# [Description of the task]
Where a line in the records below includes "pixels", pull that line out.

START Material for this task

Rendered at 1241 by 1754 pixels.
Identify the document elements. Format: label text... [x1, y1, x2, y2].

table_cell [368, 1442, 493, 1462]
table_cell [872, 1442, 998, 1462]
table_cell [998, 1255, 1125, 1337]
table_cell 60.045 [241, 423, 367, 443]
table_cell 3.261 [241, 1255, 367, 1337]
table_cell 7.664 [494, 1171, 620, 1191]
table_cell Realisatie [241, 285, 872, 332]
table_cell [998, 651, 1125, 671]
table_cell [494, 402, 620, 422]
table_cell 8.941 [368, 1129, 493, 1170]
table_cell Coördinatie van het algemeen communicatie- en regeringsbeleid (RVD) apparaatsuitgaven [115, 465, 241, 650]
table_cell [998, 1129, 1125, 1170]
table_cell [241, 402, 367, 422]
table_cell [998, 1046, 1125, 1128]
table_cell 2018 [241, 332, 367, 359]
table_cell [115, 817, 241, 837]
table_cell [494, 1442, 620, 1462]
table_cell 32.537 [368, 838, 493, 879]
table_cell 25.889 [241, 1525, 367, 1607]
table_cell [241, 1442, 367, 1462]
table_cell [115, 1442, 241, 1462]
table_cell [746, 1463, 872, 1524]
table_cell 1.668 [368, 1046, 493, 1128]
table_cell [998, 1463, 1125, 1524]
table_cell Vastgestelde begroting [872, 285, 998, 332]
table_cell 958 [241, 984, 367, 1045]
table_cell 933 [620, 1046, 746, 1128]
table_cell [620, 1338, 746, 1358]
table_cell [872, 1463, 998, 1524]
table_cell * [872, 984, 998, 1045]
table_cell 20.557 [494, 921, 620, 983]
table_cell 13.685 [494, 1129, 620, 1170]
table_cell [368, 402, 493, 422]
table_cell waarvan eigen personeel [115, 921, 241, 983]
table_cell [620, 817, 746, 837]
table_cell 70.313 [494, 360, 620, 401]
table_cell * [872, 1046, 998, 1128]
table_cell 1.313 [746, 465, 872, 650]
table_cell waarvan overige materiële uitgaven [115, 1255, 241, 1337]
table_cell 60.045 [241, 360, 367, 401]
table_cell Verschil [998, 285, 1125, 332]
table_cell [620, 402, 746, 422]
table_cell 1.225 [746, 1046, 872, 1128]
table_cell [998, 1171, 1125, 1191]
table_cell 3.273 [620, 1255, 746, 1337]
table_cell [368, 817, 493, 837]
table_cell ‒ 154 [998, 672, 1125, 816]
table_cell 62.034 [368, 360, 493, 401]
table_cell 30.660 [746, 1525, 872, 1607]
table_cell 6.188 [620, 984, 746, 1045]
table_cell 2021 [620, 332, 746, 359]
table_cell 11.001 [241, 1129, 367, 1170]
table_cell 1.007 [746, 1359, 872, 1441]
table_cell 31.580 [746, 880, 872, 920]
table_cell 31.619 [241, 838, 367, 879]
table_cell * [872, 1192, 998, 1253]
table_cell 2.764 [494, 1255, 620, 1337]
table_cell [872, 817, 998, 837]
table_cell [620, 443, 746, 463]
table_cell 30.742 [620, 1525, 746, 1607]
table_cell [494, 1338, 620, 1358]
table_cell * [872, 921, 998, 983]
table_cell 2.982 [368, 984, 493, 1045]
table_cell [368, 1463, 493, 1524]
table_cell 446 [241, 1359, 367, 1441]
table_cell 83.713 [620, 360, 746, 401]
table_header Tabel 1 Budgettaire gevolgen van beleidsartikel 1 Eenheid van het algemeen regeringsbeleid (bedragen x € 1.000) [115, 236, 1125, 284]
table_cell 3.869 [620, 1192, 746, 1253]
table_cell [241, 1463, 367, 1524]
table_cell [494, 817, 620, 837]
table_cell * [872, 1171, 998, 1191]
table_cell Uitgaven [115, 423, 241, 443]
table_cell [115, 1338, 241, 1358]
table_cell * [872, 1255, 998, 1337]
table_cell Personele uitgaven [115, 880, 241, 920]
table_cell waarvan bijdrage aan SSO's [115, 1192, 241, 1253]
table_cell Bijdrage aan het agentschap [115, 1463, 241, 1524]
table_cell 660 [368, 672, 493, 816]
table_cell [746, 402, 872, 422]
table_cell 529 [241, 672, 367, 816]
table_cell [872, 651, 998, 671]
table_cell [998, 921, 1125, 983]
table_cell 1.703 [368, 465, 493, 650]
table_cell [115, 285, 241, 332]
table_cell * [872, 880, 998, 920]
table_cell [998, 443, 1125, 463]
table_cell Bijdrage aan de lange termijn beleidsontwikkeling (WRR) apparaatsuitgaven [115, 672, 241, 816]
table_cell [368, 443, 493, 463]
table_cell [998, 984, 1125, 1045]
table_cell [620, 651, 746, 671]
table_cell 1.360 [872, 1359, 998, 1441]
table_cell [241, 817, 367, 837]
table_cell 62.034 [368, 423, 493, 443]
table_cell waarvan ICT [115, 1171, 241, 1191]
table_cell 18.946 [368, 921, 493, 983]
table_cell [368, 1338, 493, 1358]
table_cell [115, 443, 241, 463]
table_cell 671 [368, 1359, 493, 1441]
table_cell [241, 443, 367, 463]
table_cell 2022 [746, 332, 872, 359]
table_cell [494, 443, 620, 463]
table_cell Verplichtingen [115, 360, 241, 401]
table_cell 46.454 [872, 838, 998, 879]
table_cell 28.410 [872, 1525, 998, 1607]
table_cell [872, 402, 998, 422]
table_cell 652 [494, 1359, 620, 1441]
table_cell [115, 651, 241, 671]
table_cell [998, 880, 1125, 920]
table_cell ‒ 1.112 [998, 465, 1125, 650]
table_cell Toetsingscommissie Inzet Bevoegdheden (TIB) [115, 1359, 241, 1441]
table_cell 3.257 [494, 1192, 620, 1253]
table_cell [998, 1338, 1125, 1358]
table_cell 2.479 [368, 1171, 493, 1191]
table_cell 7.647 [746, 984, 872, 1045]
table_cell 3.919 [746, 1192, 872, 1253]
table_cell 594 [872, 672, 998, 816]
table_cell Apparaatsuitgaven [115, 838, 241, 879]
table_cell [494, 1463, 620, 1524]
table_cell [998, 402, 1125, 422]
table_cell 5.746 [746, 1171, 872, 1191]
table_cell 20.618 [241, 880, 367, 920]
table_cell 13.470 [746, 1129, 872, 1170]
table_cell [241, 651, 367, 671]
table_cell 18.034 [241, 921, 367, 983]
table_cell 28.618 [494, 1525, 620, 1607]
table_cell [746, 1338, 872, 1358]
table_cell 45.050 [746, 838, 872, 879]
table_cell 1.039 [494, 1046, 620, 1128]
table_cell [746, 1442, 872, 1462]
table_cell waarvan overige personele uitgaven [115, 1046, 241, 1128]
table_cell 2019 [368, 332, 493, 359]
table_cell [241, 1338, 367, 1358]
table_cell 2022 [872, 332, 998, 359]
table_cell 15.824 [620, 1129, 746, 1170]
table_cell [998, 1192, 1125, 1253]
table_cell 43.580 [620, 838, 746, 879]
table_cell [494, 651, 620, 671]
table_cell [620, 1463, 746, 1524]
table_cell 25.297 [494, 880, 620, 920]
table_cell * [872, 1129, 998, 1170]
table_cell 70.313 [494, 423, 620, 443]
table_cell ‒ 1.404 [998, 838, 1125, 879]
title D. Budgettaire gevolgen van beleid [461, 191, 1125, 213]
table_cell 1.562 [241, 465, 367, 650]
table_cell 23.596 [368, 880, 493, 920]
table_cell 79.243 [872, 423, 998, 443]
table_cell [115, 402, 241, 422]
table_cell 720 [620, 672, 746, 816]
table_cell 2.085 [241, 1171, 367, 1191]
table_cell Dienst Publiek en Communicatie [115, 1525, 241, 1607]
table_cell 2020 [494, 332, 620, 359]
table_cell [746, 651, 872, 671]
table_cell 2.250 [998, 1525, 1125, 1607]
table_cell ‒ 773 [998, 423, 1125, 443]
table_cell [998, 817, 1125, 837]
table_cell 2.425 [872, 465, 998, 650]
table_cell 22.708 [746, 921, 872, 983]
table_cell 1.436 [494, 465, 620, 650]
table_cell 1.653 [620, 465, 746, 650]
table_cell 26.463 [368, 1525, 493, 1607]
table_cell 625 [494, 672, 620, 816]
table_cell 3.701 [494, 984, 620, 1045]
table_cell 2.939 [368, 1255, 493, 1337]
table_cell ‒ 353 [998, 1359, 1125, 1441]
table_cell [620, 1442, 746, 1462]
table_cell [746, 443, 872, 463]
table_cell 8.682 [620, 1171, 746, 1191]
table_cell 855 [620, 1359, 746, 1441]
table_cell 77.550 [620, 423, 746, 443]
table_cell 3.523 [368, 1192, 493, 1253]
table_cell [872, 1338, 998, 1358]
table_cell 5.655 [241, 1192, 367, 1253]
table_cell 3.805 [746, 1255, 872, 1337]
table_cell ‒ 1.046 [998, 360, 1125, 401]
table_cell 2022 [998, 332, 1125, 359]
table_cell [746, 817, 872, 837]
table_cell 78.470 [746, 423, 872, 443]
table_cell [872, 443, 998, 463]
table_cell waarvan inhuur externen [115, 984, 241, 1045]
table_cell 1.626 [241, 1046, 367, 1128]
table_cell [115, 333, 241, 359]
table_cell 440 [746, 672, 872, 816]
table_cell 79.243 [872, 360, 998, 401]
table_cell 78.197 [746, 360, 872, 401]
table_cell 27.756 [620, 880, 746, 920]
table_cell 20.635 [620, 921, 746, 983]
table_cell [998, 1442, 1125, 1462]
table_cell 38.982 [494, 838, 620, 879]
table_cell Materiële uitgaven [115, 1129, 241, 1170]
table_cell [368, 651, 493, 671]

END Material for this task
START Material for this task

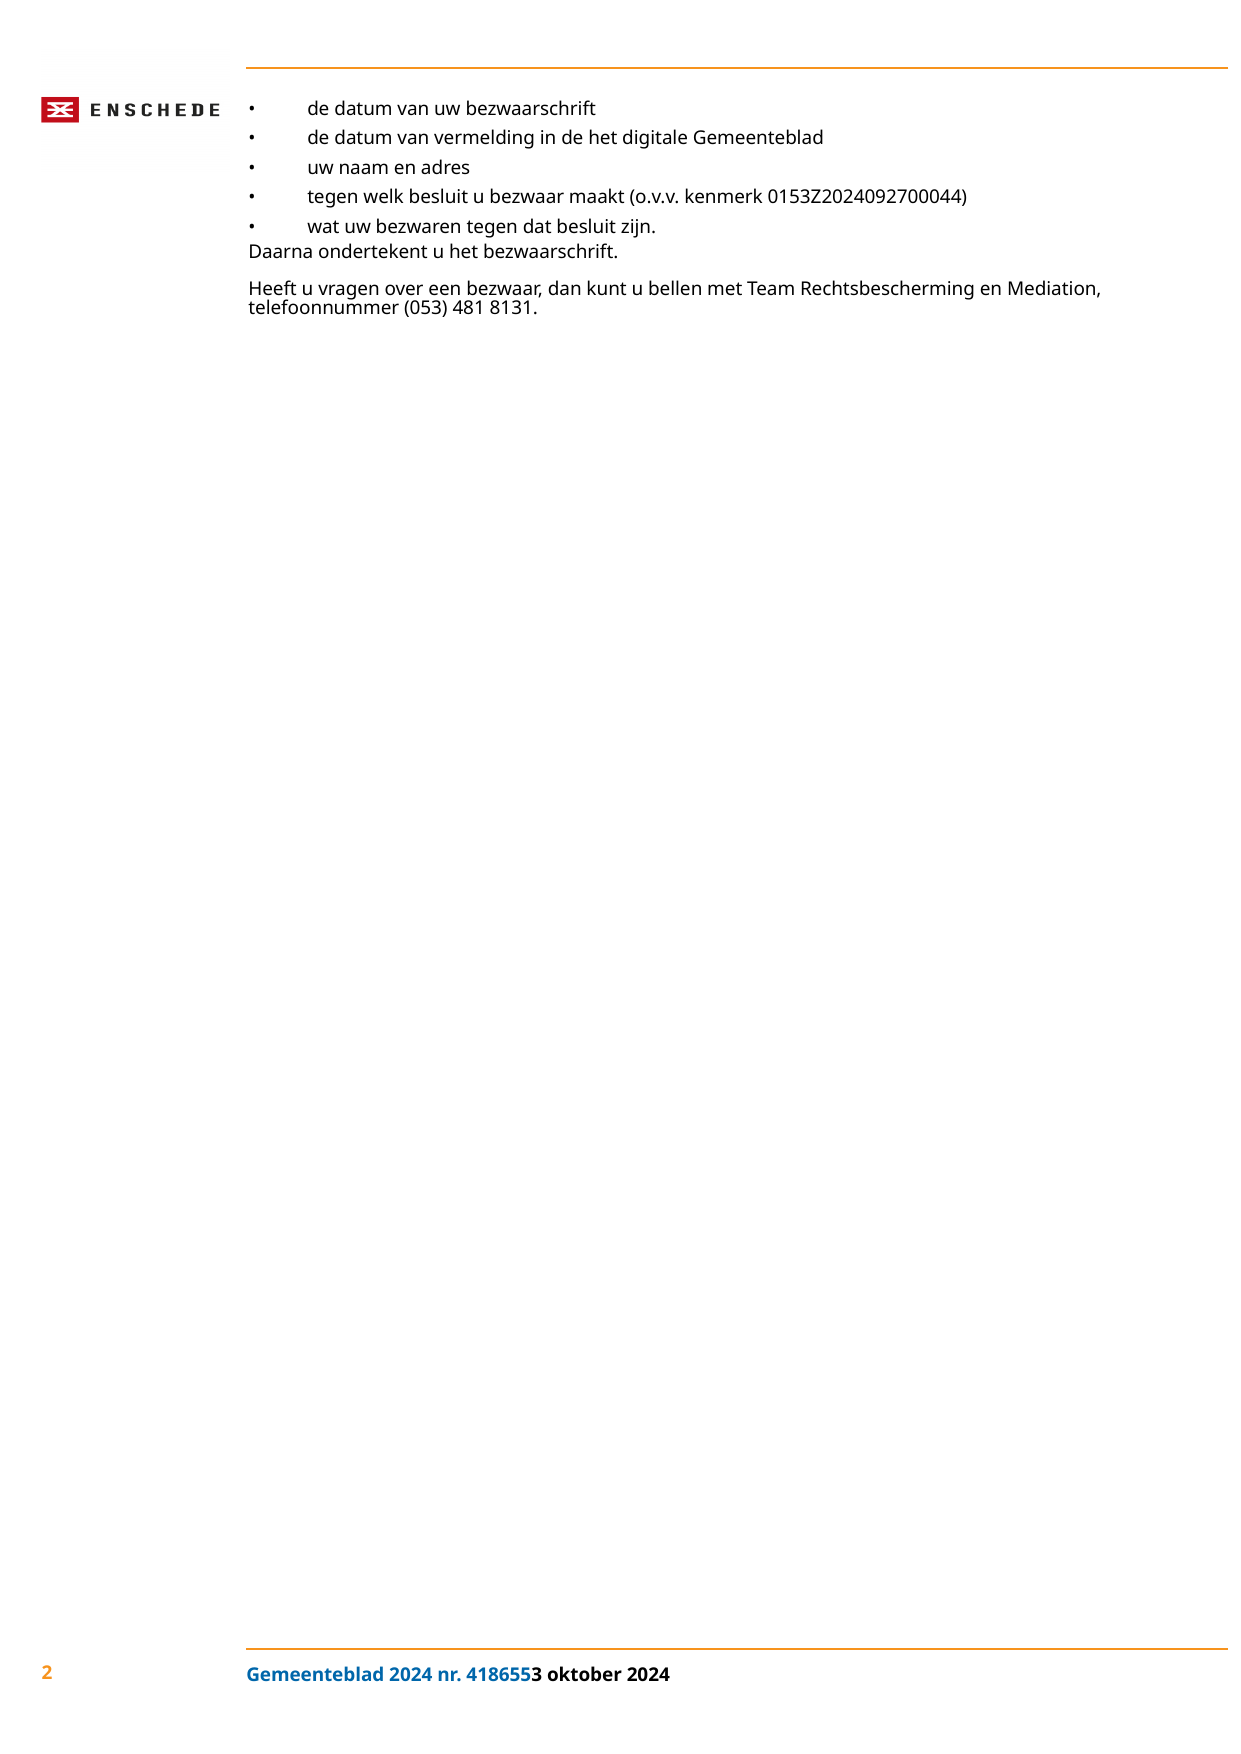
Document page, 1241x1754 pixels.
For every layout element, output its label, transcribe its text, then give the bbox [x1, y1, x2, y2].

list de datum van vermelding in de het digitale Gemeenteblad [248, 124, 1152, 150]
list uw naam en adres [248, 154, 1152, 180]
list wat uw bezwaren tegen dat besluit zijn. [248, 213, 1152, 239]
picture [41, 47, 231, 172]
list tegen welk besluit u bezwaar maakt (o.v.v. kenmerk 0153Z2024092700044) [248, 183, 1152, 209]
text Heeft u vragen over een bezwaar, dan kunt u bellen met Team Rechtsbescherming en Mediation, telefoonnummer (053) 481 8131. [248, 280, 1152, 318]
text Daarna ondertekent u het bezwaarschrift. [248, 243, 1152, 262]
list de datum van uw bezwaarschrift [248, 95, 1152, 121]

END Material for this task

# [Solution to this problem]
Rendered at 1241 by 1754 pixels.
Document page, 1241x1754 pixels.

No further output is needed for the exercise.